**Data shown:**

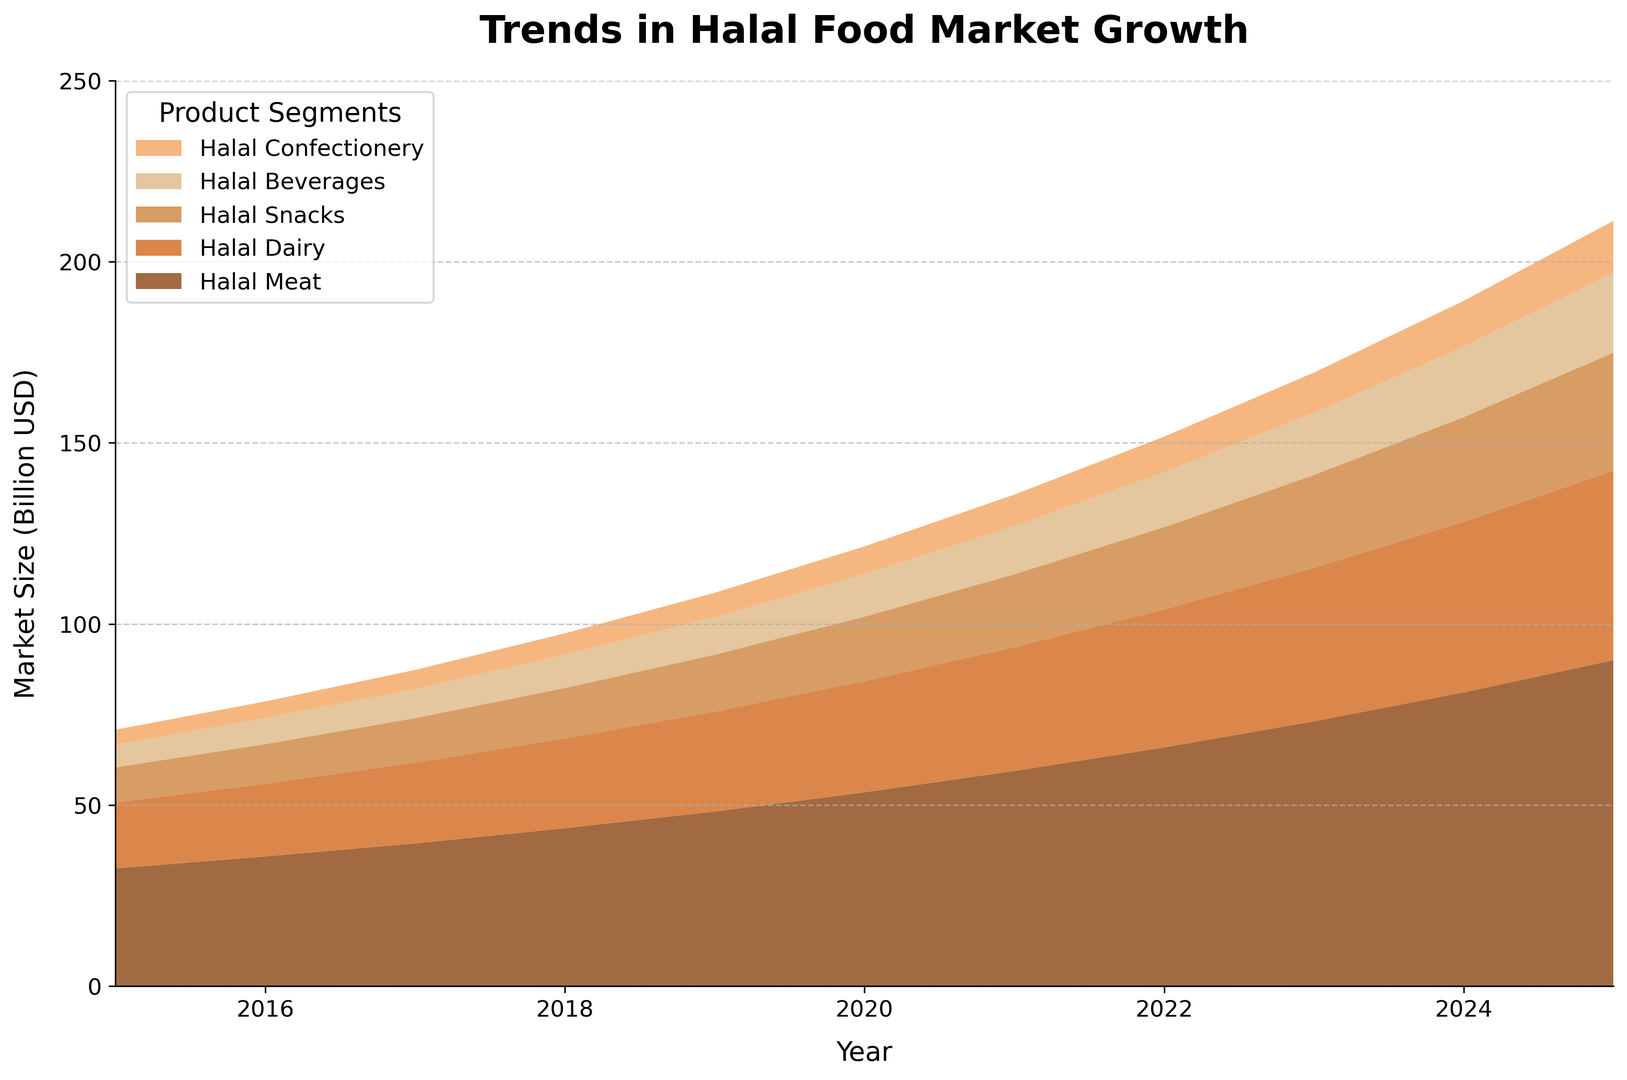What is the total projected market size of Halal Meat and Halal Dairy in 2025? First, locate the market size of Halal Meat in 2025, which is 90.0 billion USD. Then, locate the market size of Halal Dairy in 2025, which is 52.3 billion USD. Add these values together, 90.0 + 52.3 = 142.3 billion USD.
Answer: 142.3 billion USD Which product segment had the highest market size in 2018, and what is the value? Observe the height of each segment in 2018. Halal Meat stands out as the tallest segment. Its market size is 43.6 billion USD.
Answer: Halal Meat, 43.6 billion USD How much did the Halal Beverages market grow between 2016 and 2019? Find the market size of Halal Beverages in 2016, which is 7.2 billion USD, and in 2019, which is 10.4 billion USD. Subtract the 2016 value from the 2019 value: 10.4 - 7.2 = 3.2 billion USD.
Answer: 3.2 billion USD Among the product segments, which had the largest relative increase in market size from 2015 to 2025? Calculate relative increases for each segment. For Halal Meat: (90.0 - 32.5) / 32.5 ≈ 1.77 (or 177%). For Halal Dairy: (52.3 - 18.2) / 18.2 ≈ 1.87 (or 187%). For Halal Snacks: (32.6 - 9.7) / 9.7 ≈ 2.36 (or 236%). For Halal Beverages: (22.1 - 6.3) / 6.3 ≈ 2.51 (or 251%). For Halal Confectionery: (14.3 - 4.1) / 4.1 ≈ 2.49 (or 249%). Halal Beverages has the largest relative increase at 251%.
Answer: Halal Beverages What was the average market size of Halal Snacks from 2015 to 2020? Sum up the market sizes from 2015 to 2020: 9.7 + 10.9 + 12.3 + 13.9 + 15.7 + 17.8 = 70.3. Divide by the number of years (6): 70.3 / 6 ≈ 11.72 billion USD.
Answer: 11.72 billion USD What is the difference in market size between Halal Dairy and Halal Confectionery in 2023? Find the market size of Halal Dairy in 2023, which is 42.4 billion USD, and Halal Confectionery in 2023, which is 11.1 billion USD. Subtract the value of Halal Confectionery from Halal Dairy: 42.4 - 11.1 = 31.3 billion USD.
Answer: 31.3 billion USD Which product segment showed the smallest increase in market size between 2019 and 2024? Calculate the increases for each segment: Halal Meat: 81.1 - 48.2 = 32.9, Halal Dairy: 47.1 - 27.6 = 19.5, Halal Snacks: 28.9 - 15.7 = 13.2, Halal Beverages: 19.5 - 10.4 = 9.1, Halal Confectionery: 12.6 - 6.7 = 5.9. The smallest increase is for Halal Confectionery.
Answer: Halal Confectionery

**Task description:**
None of the pictures belong in the copy; transcribe the rest of the data exactly.

**Answer box:**
What is the total projected market size of Halal Meat and Halal Dairy in 2025? First, locate the market size of Halal Meat in 2025, which is 90.0 billion USD. Then, locate the market size of Halal Dairy in 2025, which is 52.3 billion USD. Add these values together, 90.0 + 52.3 = 142.3 billion USD.
Answer: 142.3 billion USD Which product segment had the highest market size in 2018, and what is the value? Observe the height of each segment in 2018. Halal Meat stands out as the tallest segment. Its market size is 43.6 billion USD.
Answer: Halal Meat, 43.6 billion USD How much did the Halal Beverages market grow between 2016 and 2019? Find the market size of Halal Beverages in 2016, which is 7.2 billion USD, and in 2019, which is 10.4 billion USD. Subtract the 2016 value from the 2019 value: 10.4 - 7.2 = 3.2 billion USD.
Answer: 3.2 billion USD Among the product segments, which had the largest relative increase in market size from 2015 to 2025? Calculate relative increases for each segment. For Halal Meat: (90.0 - 32.5) / 32.5 ≈ 1.77 (or 177%). For Halal Dairy: (52.3 - 18.2) / 18.2 ≈ 1.87 (or 187%). For Halal Snacks: (32.6 - 9.7) / 9.7 ≈ 2.36 (or 236%). For Halal Beverages: (22.1 - 6.3) / 6.3 ≈ 2.51 (or 251%). For Halal Confectionery: (14.3 - 4.1) / 4.1 ≈ 2.49 (or 249%). Halal Beverages has the largest relative increase at 251%.
Answer: Halal Beverages What was the average market size of Halal Snacks from 2015 to 2020? Sum up the market sizes from 2015 to 2020: 9.7 + 10.9 + 12.3 + 13.9 + 15.7 + 17.8 = 70.3. Divide by the number of years (6): 70.3 / 6 ≈ 11.72 billion USD.
Answer: 11.72 billion USD What is the difference in market size between Halal Dairy and Halal Confectionery in 2023? Find the market size of Halal Dairy in 2023, which is 42.4 billion USD, and Halal Confectionery in 2023, which is 11.1 billion USD. Subtract the value of Halal Confectionery from Halal Dairy: 42.4 - 11.1 = 31.3 billion USD.
Answer: 31.3 billion USD Which product segment showed the smallest increase in market size between 2019 and 2024? Calculate the increases for each segment: Halal Meat: 81.1 - 48.2 = 32.9, Halal Dairy: 47.1 - 27.6 = 19.5, Halal Snacks: 28.9 - 15.7 = 13.2, Halal Beverages: 19.5 - 10.4 = 9.1, Halal Confectionery: 12.6 - 6.7 = 5.9. The smallest increase is for Halal Confectionery.
Answer: Halal Confectionery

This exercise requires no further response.